Ele questiona a viabilidade de manter os atuais volumes de produção sem um aumento proporcional no número de trabalhadores, o que seria um dos pilares para sustentar o argumento favorável à PEC. “A probabilidade de você ter ganho de produtividade é muito pequena”, sentencia o economista, mostrando ceticismo quanto à capacidade do país de se adaptar a uma jornada menor sem perdas.
Impacto nos Custos Empresariais e Pressão Inflacionária no Consumidor
O cenário projetado por Tavares é de um desarranjo completo na estrutura de custos das empresas. Para manter os níveis de produção atuais com jornadas reduzidas, os empresários teriam que, inevitavelmente, contratar mais pessoal. “Você vai ter um desarranjo completo de estrutura de custos do empresariado, porque ele vai ter que contratar mais pessoas para conseguir fechar o que tinha antes”, explica.
Essa necessidade de aumentar o quadro de funcionários, somada a outros potenciais aumentos de custos operacionais decorrentes da nova escala, deve se refletir diretamente nos preços. “Isso vai ter pressão sobre preços, isso gera desarranjo inflacionário”, alerta Tavares. O consumidor final, portanto, pode ser o maior prejudicado, arcando com o custo da adaptação do mercado de trabalho a uma nova realidade sem ganhos de produtividade que compensem a redução da carga horária.
A Necessidade de Reformas Estruturais para Aumentar a Produtividade
A discussão sobre a redução da jornada de trabalho no Brasil expõe uma necessidade mais profunda: a urgência de reformas estruturais que visem o aumento da produtividade. Especialistas apontam que fatores como a baixa qualidade da educação, a burocracia excessiva, a infraestrutura deficiente e a baixa taxa de investimento em tecnologia e inovação são entraves históricos para o crescimento da eficiência produtiva no país.

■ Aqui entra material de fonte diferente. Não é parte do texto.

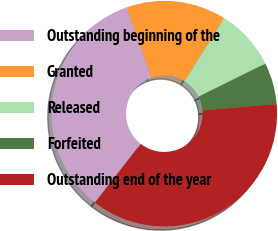<chart> <loc_0><loc_0><loc_500><loc_500><pie_chart><fcel>Outstanding beginning of the<fcel>Granted<fcel>Released<fcel>Forfeited<fcel>Outstanding end of the year<nl><fcel>34.07%<fcel>14.32%<fcel>8.76%<fcel>5.95%<fcel>36.89%<nl></chart>

Sem um ambiente de negócios mais favorável e sem políticas públicas eficazes para impulsionar a inovação e a qualificação da mão de obra, a simples redução da jornada de trabalho pode se tornar um fardo econômico. A experiência internacional sugere que países com alta produtividade são capazes de reduzir a jornada sem comprometer a produção, pois a eficiência já está consolidada. O Brasil, em contrapartida, ainda precisa trilhar esse caminho.
O Futuro da Jornada de Trabalho e os Desafios para o Empresariado Brasileiro
A tramitação da PEC do fim da 6×1 e a redução da jornada de trabalho para 40 horas semanais continuará sendo um tema central no debate econômico e social do Brasil. Enquanto os defensores da medida argumentam por melhores condições de vida e bem-estar para os trabalhadores, os críticos levantam preocupações legítimas sobre a sustentabilidade econômica e os impactos inflacionários.
O caminho a ser percorrido envolve não apenas a aprovação de leis, mas, fundamentalmente, a implementação de políticas que promovam o aumento da produtividade em todos os setores da economia. Somente com um país mais produtivo será possível discutir uma redução da jornada de trabalho que beneficie a todos, sem gerar custos excessivos para empresas e consumidores, e sem comprometer a competitividade do Brasil no cenário global.